Freddie Braun (born May 13, 1988, in Royal Oak, Michigan) is an American soccer player who currently plays for FC Mulhouse Portland in the National Premier Soccer League.

==Career==

===College and amateur===
Braun grew up in Rochester Hills, Michigan, attended Rochester High School, and played club soccer for the Michigan Wolves before going on to play four years of college soccer at the University of Louisville. As a senior in 2009 he captained the Cardinals to a 13–3–4 record and a third consecutive NCAA tournament appearance. Braun was the team's second-leading scorer in 2009, recording eight goals and four assists in his senior campaign, and finished his collegiate career with 11 goals and five assists in 81 games.

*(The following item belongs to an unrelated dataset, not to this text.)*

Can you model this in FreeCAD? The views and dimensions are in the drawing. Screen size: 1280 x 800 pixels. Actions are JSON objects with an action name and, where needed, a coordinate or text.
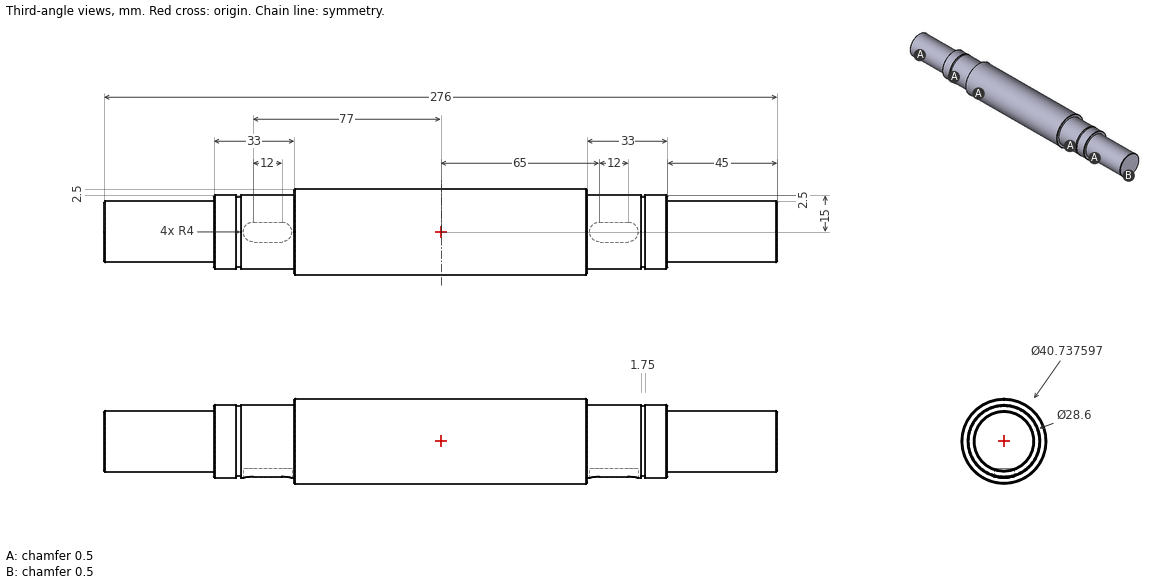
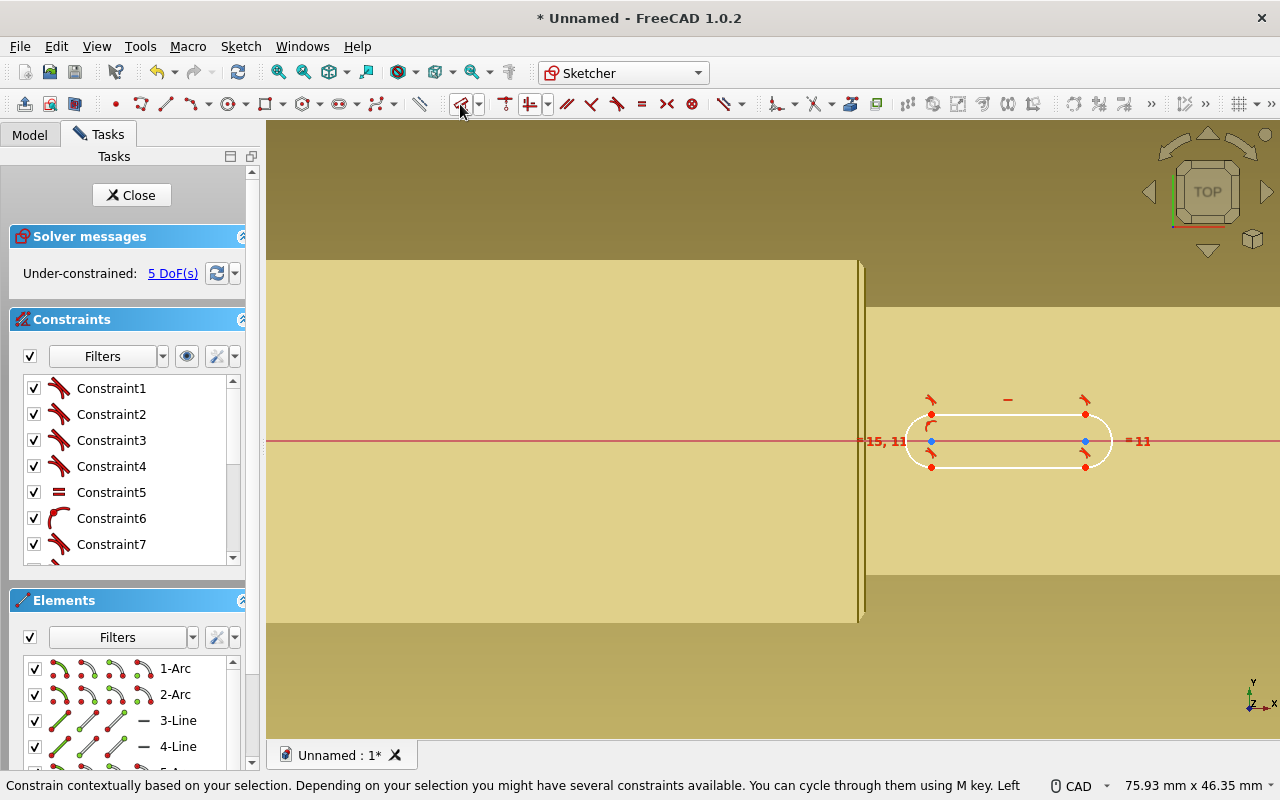
{"action": "scroll", "coordinate": [914, 426], "scroll_direction": "down", "scroll_amount": 7}

During his college years Braun also played for Chicago Fire Premier in the USL Premier Development League.

Upon the completion of his senior college season, he was one of 62 collegiate players invited to participate in the 2010 MLS Player Combine, but was not drafted; having been unable to secure a professional contract elsewhere, Braun instead decided to return to the PDL, and signed for the Portland Timbers U23s as an overage player. He helped Portland to a perfect 16–0–0 season and the PDL National Championship in 2010, and was selected to the PDL All-League team.

===Professional===
After training with the team throughout pre-season, Braun signed with the Portland Timbers of Major League Soccer on February 17, 2011. He made his professional debut on May 3, 2011, in a 1–0 loss to the San Jose Earthquakes in the Lamar Hunt U.S. Open Cup.

Braun was released by Portland on November 19, 2012.

Braun signed with USL Pro club Orlando City on March 8, 2013.